The Concurrence of Offences in the Criminal Law of Ukraine

Oksana Gorpyniuk, Volodymyr Kovalenko, Yuriy Ponomarenko, Volodymyr Tiutiugin, Olena Kharytonova

Abstract


When assessing the state of studies on the institution of concurrence of offences it needs to be
stressed that generally there have been discussions concerning the qualification of concurrence of
single offences and only a small part of them refers to the theoretical arguments in the discussed field
(especially the problem of the qualification of the concurrence of offences, the distinguishing of types
of concurrence as “ideal – real” etc.). Although the terms “repeated offence”, “concurrence”, “recidivism”
have long been used in the criminal law jurisprudence and have attracted sufficient level of
scholarly attention, their representation in the binding Criminal Code of Ukraine is far from perfect.
The lack of compatibility between the norms defining the above mentioned terms results in
many questions which cannot be unequivocally answered, mostly referring to the criminal law evaluation
of a few acts committed by one person, when each of these acts has the features of a separate
type of offence. The analysis of court practice demonstrates that individual courts make mistakes in
the application of the Criminal Code of Ukraine as far as the concurrence of offences is concerned.
Some of the most prevalent of these are: improper correlation of norms referring to different types
of concurrence; accepting multiplicity of offences in cases where one of the acts has lost its criminal
relevance; improper qualification of repeated offences.

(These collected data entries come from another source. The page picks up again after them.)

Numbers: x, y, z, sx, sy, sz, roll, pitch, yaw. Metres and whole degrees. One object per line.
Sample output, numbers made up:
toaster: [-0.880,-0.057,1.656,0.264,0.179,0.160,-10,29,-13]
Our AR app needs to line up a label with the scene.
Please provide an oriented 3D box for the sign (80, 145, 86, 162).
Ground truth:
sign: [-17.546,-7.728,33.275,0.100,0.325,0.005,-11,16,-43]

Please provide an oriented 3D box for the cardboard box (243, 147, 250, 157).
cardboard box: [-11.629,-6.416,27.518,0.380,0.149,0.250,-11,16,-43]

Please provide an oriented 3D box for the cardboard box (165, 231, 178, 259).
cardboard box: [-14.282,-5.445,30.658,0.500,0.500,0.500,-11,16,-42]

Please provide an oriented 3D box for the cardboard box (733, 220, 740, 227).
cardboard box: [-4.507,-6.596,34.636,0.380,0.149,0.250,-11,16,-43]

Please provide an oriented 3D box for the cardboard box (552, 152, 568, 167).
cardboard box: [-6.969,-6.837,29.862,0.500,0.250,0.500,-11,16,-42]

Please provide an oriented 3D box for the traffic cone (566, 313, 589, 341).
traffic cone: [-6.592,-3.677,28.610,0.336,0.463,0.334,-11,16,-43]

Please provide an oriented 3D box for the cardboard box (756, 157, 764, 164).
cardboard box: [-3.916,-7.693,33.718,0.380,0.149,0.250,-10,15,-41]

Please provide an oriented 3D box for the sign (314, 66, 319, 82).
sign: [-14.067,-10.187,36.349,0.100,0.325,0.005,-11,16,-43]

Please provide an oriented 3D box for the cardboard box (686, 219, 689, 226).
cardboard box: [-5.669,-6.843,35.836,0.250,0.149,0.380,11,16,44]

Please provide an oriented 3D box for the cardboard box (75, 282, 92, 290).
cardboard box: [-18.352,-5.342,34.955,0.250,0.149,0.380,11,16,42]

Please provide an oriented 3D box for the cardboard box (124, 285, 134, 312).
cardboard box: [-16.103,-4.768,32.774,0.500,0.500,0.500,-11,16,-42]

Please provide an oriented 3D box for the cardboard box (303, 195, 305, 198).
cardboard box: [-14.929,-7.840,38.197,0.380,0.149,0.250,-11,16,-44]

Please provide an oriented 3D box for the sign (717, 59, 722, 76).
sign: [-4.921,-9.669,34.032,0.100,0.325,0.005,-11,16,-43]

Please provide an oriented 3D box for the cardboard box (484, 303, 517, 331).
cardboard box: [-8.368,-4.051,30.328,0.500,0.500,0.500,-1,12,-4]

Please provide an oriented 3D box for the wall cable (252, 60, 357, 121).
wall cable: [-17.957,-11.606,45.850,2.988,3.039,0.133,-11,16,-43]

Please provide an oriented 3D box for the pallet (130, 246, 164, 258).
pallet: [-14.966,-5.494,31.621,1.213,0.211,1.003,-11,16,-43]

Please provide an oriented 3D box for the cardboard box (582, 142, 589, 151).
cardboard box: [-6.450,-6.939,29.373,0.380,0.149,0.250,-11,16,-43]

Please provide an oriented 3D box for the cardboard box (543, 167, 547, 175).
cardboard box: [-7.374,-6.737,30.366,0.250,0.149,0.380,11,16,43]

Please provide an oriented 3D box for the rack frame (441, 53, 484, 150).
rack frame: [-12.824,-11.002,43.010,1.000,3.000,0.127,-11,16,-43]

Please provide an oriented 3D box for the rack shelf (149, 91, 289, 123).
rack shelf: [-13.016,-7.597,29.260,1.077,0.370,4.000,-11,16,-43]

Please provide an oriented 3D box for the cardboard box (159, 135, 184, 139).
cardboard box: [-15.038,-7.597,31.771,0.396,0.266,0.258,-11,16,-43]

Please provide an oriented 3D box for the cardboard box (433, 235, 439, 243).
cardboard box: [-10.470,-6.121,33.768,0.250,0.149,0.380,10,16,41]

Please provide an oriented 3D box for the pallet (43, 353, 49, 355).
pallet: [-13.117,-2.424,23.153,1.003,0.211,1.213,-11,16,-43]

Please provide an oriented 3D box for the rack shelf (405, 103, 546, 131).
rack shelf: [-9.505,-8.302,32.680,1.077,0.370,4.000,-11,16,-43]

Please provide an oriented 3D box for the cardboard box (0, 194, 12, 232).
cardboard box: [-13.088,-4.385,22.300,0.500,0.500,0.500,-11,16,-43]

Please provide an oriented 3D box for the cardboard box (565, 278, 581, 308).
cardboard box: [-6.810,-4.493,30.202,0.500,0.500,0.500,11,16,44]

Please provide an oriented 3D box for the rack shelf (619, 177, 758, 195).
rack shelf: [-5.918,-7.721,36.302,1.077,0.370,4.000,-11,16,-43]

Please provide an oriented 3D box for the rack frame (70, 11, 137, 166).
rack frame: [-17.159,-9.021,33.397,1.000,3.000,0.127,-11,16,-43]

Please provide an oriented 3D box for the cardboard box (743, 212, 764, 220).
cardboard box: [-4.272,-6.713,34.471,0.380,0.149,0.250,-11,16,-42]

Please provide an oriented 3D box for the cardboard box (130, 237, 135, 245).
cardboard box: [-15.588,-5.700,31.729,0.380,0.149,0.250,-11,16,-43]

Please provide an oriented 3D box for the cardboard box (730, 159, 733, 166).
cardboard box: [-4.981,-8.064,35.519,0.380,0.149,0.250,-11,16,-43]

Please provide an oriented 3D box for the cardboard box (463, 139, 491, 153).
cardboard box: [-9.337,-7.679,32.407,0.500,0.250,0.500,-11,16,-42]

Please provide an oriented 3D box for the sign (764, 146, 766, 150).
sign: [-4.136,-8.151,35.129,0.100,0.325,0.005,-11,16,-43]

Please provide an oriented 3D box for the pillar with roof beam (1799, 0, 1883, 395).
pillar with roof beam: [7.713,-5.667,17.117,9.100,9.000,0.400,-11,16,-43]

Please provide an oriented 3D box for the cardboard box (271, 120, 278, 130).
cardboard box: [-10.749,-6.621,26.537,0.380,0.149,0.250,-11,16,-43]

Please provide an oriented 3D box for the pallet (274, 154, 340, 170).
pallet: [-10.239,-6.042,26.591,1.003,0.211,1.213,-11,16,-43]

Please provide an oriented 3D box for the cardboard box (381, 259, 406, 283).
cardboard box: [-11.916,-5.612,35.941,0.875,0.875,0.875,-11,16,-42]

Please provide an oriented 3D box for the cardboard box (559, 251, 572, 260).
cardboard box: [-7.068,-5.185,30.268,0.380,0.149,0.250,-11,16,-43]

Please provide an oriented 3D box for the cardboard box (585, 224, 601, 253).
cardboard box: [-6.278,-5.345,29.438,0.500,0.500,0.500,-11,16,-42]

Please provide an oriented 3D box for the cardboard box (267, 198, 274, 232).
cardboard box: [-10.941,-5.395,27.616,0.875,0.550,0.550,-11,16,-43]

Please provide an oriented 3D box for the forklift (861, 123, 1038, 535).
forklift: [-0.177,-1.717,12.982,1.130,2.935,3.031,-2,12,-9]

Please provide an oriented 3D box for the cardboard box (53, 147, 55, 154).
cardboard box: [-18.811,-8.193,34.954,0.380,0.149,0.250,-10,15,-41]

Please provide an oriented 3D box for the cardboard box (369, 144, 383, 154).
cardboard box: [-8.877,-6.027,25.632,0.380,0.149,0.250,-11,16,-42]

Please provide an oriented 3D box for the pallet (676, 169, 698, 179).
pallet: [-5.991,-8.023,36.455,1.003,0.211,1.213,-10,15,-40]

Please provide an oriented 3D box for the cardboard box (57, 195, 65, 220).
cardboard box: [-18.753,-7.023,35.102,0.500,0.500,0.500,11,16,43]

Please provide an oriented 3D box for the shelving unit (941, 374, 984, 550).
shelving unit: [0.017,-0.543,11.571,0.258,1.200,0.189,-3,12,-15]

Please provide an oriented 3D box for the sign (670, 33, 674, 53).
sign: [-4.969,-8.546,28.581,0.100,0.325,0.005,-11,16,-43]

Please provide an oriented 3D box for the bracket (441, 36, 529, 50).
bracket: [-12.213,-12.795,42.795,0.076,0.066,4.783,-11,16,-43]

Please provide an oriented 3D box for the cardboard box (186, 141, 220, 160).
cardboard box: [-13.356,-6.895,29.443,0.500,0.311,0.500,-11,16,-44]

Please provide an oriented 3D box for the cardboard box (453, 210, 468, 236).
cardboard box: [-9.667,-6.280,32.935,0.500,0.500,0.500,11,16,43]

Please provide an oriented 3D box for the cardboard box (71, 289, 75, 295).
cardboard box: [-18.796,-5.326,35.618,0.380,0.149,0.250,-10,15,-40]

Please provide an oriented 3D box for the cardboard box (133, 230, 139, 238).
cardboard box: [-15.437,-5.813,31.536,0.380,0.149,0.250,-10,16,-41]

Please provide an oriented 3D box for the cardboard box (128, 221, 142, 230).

At the same time it seems that the institution
of the concurrence of offences can be improved in the future due to the use of the provisions
which refer to: the futility of taking into account the punishment for offences committed by a person
under the age of 18, no matter when (before or after that person turned 18) the conviction for these
offences took place; the problem of recognising the type of concurrence of offences which results
in combining punishments; the problem of taking into account the fact the on offence was repeated
or committed in the conditions for recidivism, when a person had been convicted by the court of
a foreign country.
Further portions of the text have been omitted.